Ramaphosa 'sold out': Mpofu

By Drum Digital
12 August 2014

Deputy President Cyril Ramaphosa should have addressed the causes of the August 2012 Marikana unrest before attempting to curb its consequences, the Farlam Commission of Inquiry heard on Tuesday.

"You have been negotiating conflicts for a long time, you know that you can't resolve a problem at the branches ignoring the root cause," said Dali Mpofu, for wounded and arrested Marikana miners.

"Surely, you don't expect anyone to believe that you, of all people, would ignore the root cause."

Ramaphosa said his attention was on addressing further deaths and stabilising the situation at Lonmin's mining operations at Marikana, near Rustenburg in the North West.

"You were simply assimilated into the way of thinking of the Lonmin management. You didn't play your role, using your skills to change their thinking," Mpofu said.

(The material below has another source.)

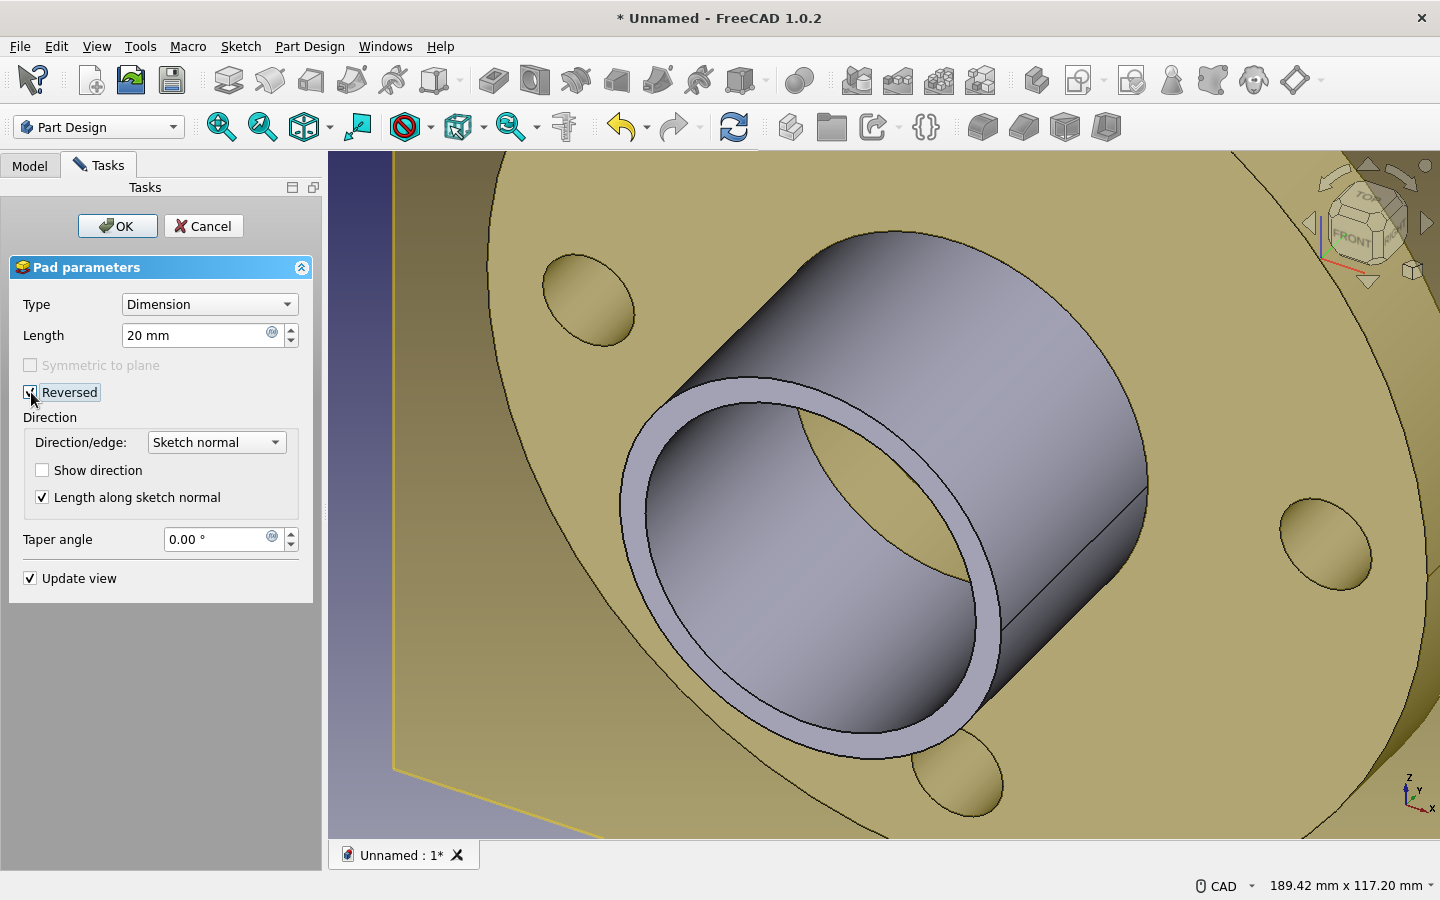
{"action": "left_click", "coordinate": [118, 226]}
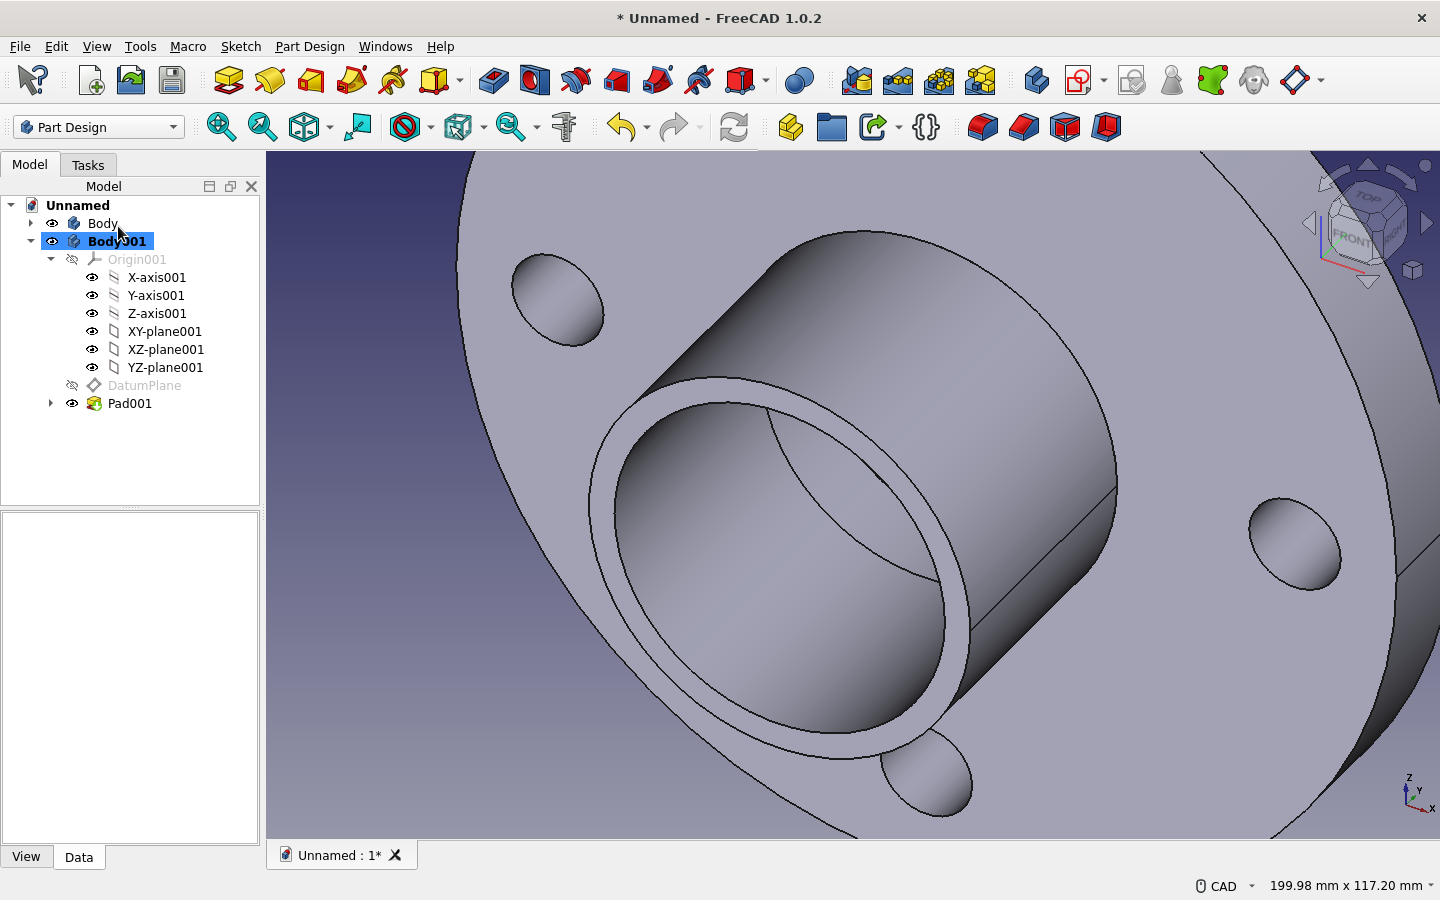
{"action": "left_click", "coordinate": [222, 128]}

"To that extent, you sold out. What is worse is that you did this for financial gain at the expense of the lives of people whose lives you were meant to transform. It's like selling out for 30 pieces of silver." Ramaphosa was a Lonmin non-executive director and a shareholder at the time of the Marikana shootings. He left his position at Lonmin in January last year, shortly after becoming deputy president of the African National Congress. He said financial gain did not influence his intervention.

"I must tell you that Shanduka invested R300 million into this company and that money was lost as early as 2011. It was a catastrophic financial loss for Shanduka," said Ramaphosa.

"Financial gain was not part of it. We didn't even expect any of the investment. We do not even think of beginning to recoup it. It is written off."

Mpofu said Ramaphosa had stayed in the business because he did not want to suffer further losses or thought he would recoup his investments.

The commission is investigating the deaths of 44 people during strike-related violence at Lonmin's platinum mining operations at Marikana.

Thirty-four people, mostly striking mineworkers, were shot dead in a clash with police, over 70 were wounded, and over 250 arrested on August 16, 2012. Police were apparently trying to disarm and disperse them.

In the preceding week, 10 people, including two policemen and two Lonmin security guards, were killed.

On Tuesday, Mpofu said Ramaphosa used his political clout to influence then mineral resources minister Susan Shabangu to change her classification of the Marikana events.

"You know that you achieved that purely because of the political power that you wield and your partners at Lonmin were sending you to do so. You said they sent you speak to the minister because they knew you could.

"You knew that you wielded a considerable amount of political power which you wanted to use and transform to political pressure with the fast, instant outcome that it achieved." Ramaphosa responded: "I just had access to her."